Cash bonuses for top directors of British companies have stayed resiliently high despite the rigours of the downturn.
A report by remuneration consultancy Hewitt New Bridge Street shows that blue-chip businesses across a range of sectors _ not just banks _ paid executive directors comfortably over half the maximum bonus available last year.
At a time when managements are telling workers they are lucky to be in employment at all, and often asking them to accept pay freezes and cuts (or in British Airways’s case, sometimes work for nothing), this is really rich (pun intended).
It will annoy both employees on the lower, parched slopes and shareholders in companies who have seen reduced company earnings in the recession batter share prices and cut dividends.
The stock answer from business is that, even in a recession, it must have bonuses to attract, retain and motivate (you know the rest...).
This is beginning to sound a bit of a tired excuse from the cavalier saddle in these difficult times for the toiling infantry.
Presumably, the unspoke addendum is that workers down the food chain do not need to be attracted, retained and motivated.
I think in this recession many ordinary workers can accept pay freezes, even cuts at times, for instance in our savaged steel industry, and certainly do not expect bonuses.
But when they see these bonuses at boardroom and senior management below-boardroom level being impervious to the economic conditions people are bound to feel there is an ethical apartheid going on here.
The latest survey says that one in five FTSE 100-quoted businesses paid out an astonishing 90 per cent of maximum possible bonuses last year.
That’s pretty near insulting when about the same percentage of FTSE 100 companies suffered share price falls.

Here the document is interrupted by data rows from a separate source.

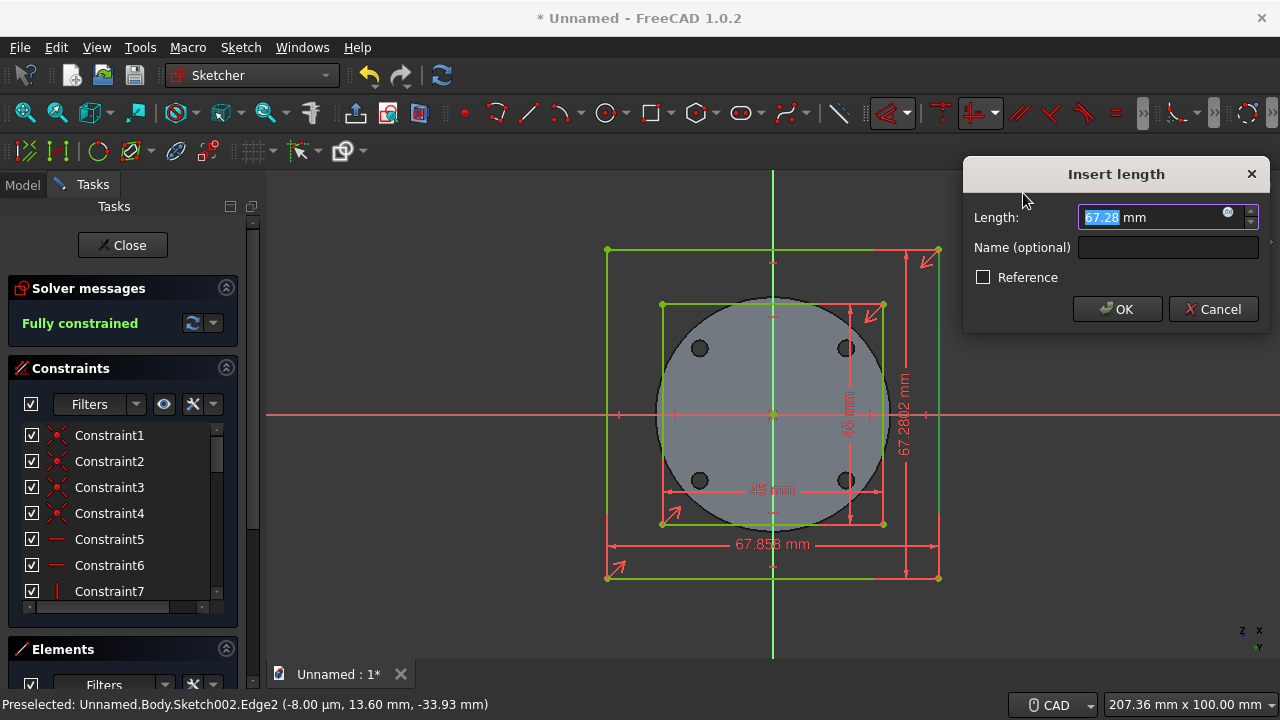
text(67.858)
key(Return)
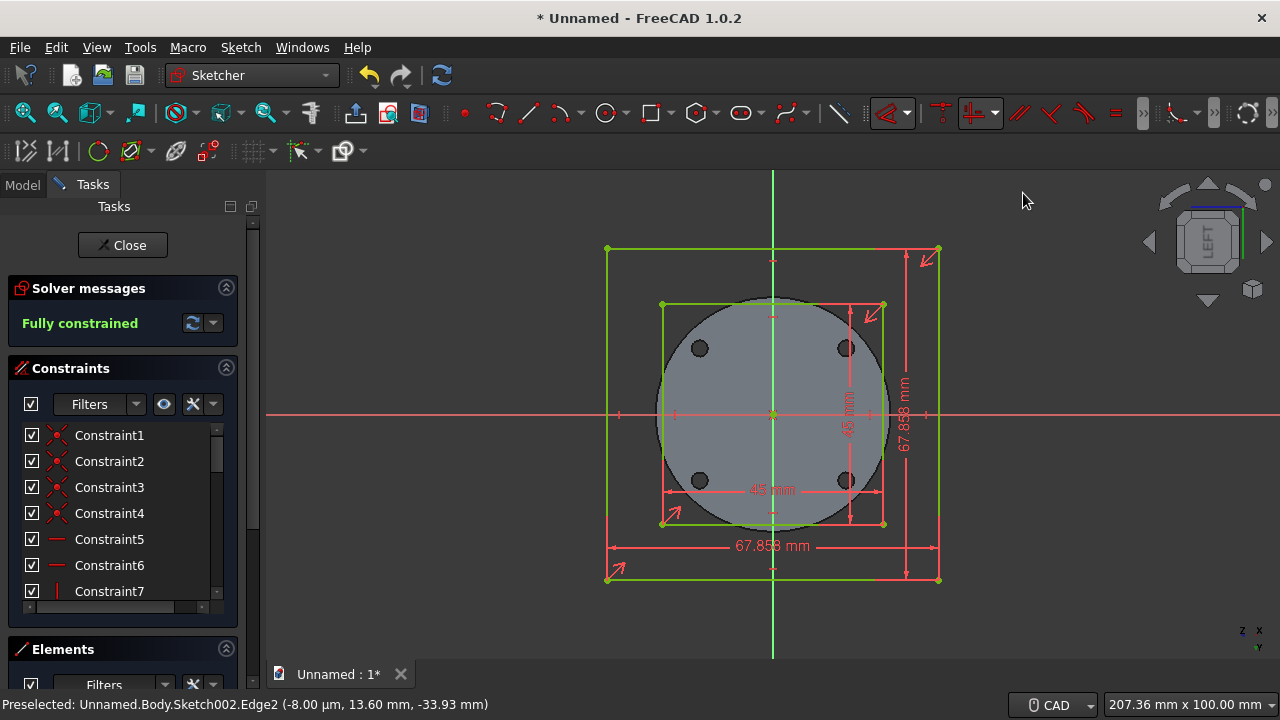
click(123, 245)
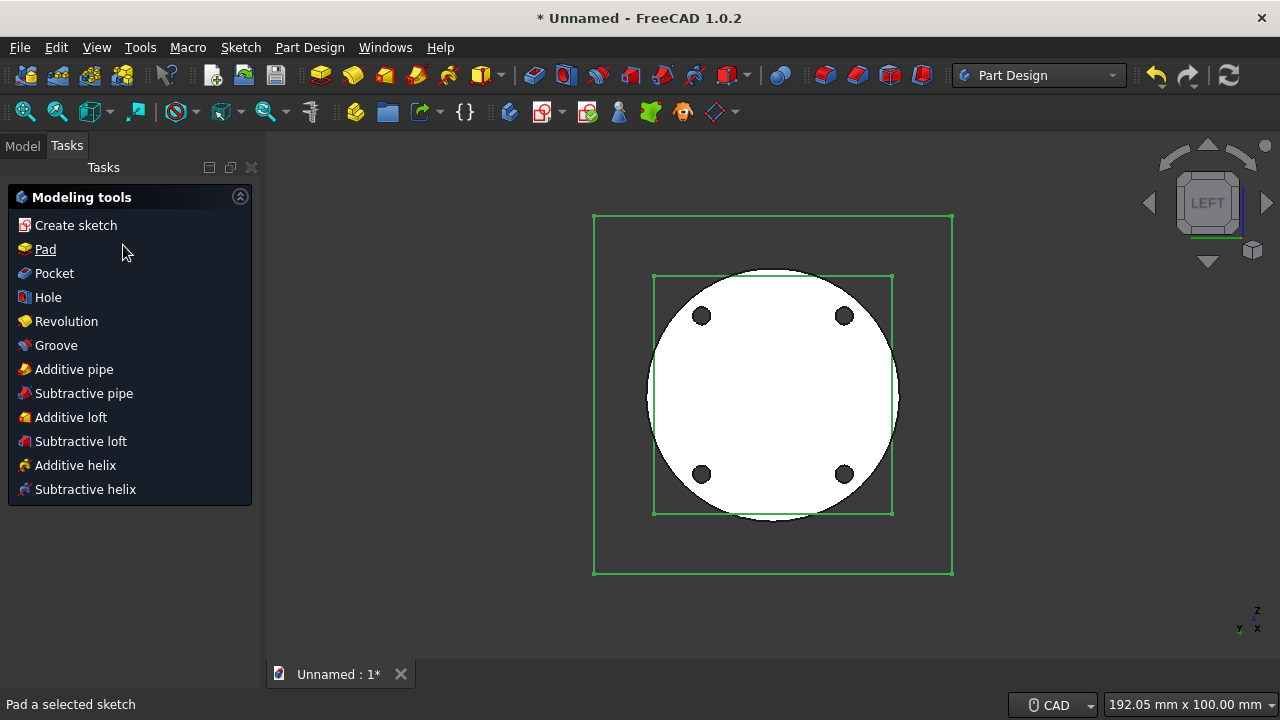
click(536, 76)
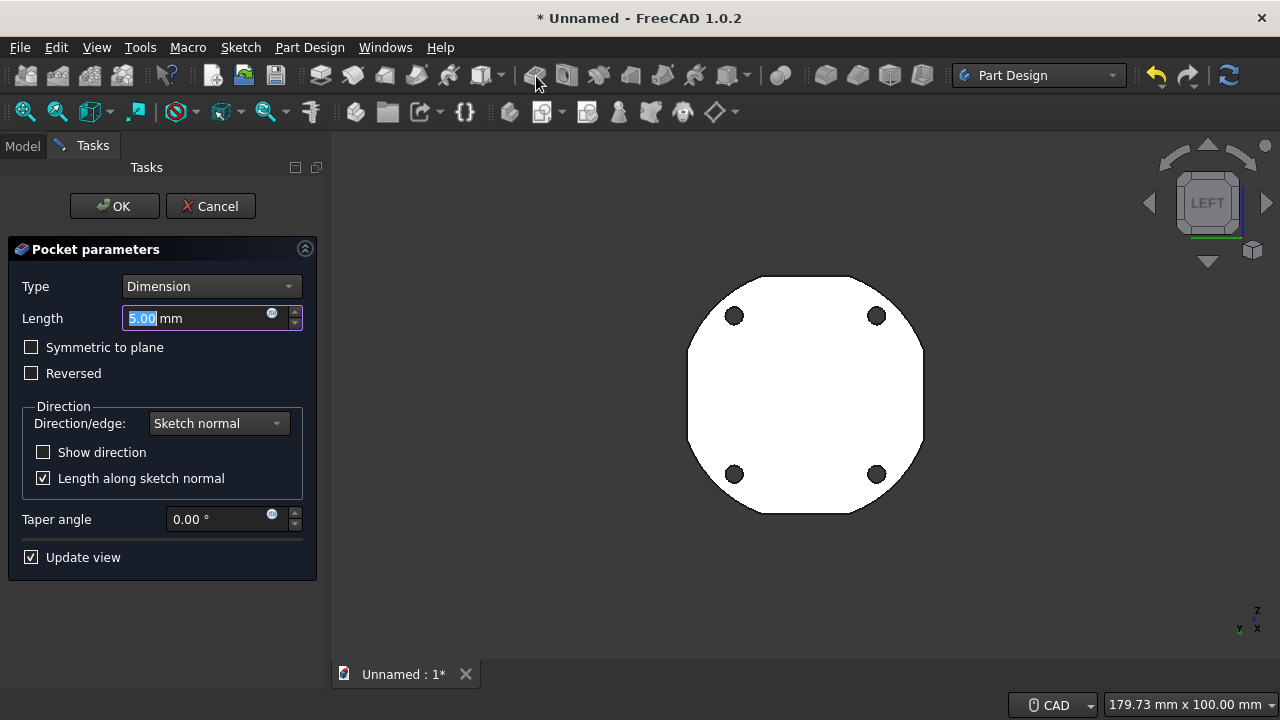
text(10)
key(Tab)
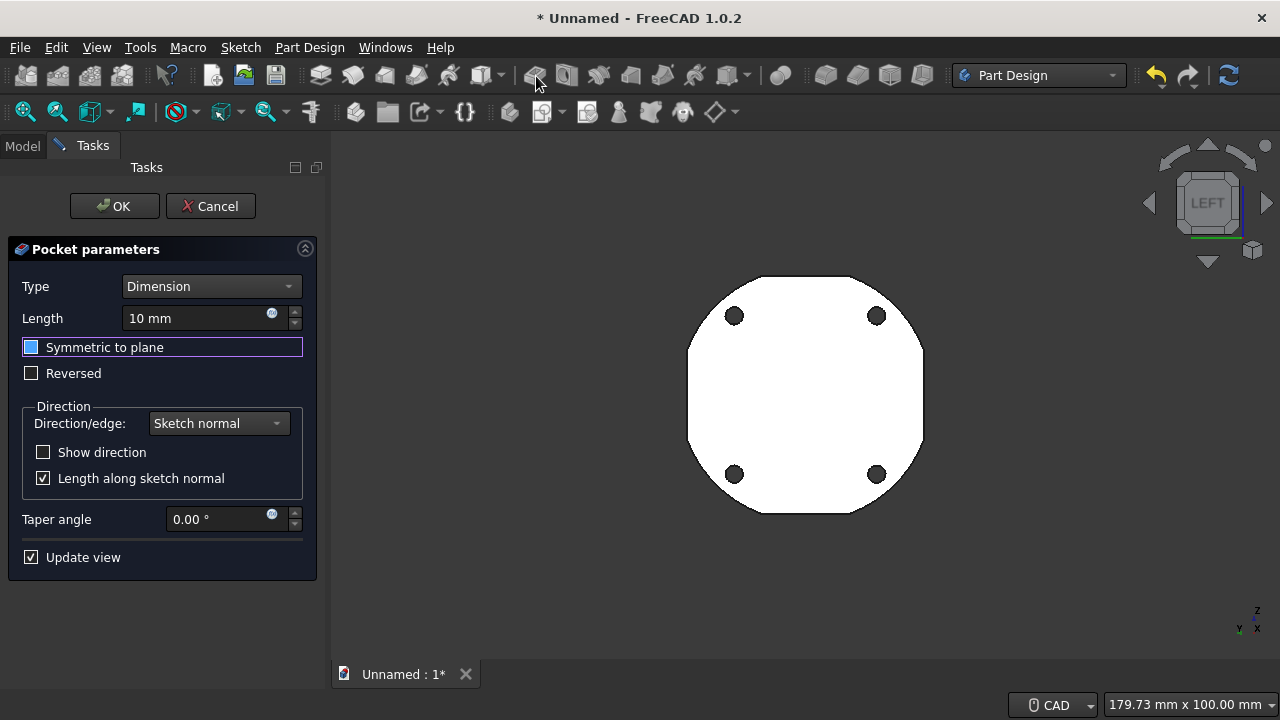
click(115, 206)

So much for aligning directors’ remuneration and bonuses with that of investors.
It also shows that bankers are just the most obvious Aunt Sallys for criticism on bonuses, acting as a lightning rod for public disatisfaction and covering up the fact that many executives in other industries are also raking it in during the worst recession since the Second World War.
I doubt such largesse was around after the Wall Street crash. But, on current evidence, boardrooms are responding with almost a shrug of the shoulders and ‘That’s life’ attitude.